Names that Remain: Marcion

by Travis Bookout

marcion

Marcion’s Life Story:

Marcion was born in the first century, around AD 85.  He was born in Sinope, Pontus (modern day Sinop, Turkey).  This city is on an isthmus in the Black Sea.  With this location and his organizational prowess, Marcion was able to become a wealthy ship owner.  He was intelligent, successful, wealthy, and very benevolent.  He also was reared in the church.  His father was an elder of the church of Pontus, referred to by Hippolytus as the Bishop of Sinope.

In about AD 138 he moved to Rome and was instantly influential.  He contributed a large sum of money to the church in Rome.  His wealth, generosity, and prominence in the church gave him a platform among Christians.  However, his warm reception did not last long.  His teaching angered the leaders of the church in Rome resulting in his excommunication in AD 144.  His money was returned to him and he traveled back to Asia Minor.  He started his own religious movement and his followers were called Marcionites.  They were viewed by orthodox Christianity as heretics.  Marcion is remembered today as one of the most influential heretics in the early church.

Marcion’s Heretical Teaching:                         

The reason that Marcion fell out of favor with the Roman church was because of his teaching.  He grew despondent with what he perceived to be a cold, law-focused gospel.  In his efforts to revitalize and restore a proper understanding to the church, he fought against “Law” in favor of “gospel” and “spirit.”  He also developed a strong anti-Semitic disposition.   He became so extreme in his separation of “Law” from “Gospel” that he rejected the entire Hebrew Scriptures, eventually claiming that the “God” of the Hebrew Bible was completely separate from the Father of Jesus.

He saw the Jews and Christians to be serving two separate gods.  There was the jealous, petty, violent, tribal, creator, war-God of the Hebrews (the Demiurge), and the loving, compassionate, forgiving God; the universal Heavenly Father of Jesus.  He understood Jesus to be the appearance (not the incarnation) of this Heavenly Father, a belief known as docetism.  Basically, he believed that it only “seemed” like Jesus was in the flesh, but was not actually flesh.

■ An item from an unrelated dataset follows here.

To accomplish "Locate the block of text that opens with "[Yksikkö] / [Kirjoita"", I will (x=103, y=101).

He also advocated a strong asceticism.  He rejected earthly pleasures and comforts.  He replaced the wine of the Lord’s Supper with water.  He refused baptism for the married (sexually active), except for when they were very advanced in years.  This created two classes of his followers: the perfect (celibate and baptized) and the imperfect.

Marcion’s Canon:

To support his teachings, Marcion needed Scriptural support.  In his day the set 27 book New Testament had not been collected yet.  Marcion, in fact, provides the earliest list of New Testament books ever discovered: the first “Christian canon.”  He believed that all of the 12 apostles had been influenced by false Jewish teaching.  Only Paul truly understood the gospel.  So in his canon he accepted only the books written by Paul.  He included 10 of Paul’s letters (not 1 or 2 Timothy, Titus).  He also included the Gospel of Luke (the only book of the Bible probably not written by a Jew).

Marcion obviously rejected the entire Hebrew Scriptures.  He believed instead of the 66 books that we have in our Protestant Bibles, Christians should only have 11 books.  The Gospel of Luke, and ten letters of Paul.  He also perpetuated the idea that these books had been tainted, so he sought to “restore” them to their original condition.  He removed portions that interfered with his teachings.  For example, he was a Docetic.  He did not believe that Jesus had a fleshly body.  Therefore, the virgin birth is a difficult doctrine.  So Marcion rejected the virgin birth, and his Gospel of Luke started in chapter 3.

Result of Marcion’s Work:

There were several long lasting results of what Marcion did and taught.  One of those results was a new schism in Christianity.  The Marcionite church was zealous, evangelistic, and growing.  It drew away many believers, and remained active for hundreds of years (until the 5th century).

Marcion’s teaching also resulted in many writings against him and his followers.  Tertullian wrote five books entitled Against Marcion.  Irenaeus addressed Marcion in his Against Heresies.  Justin Martyr, Hippolytus, Epiphanius, and others condemned the teachings and followers of Marcion.  It is mostly through these writings that we can reconstruct what Marcion taught.

Marcion’s separation of the Creator God from Jesus no doubt played a role in the church seeking to nail down a more precise definition of a Triune God.  He drove the church to attempt a better understanding of the continuity between the revelation of God in the Hebrew Scriptures and the New Testament.

Perhaps what Marcion is most recognized for is his canon.  The church relied heavily on oral teaching, and where apostolic Scripture was available it was used.  However, Marcion brought about a great need for the church to collect and define its Scripture.  Marcion rejected many of the books that Christians were using.   In response the church was forced to begin listing what books were to be used in worship and the formulation of Christian doctrine.  Marcion was a catalyst for the church to more precisely define its canon; books that were inspired by God and appropriate as Christian authority.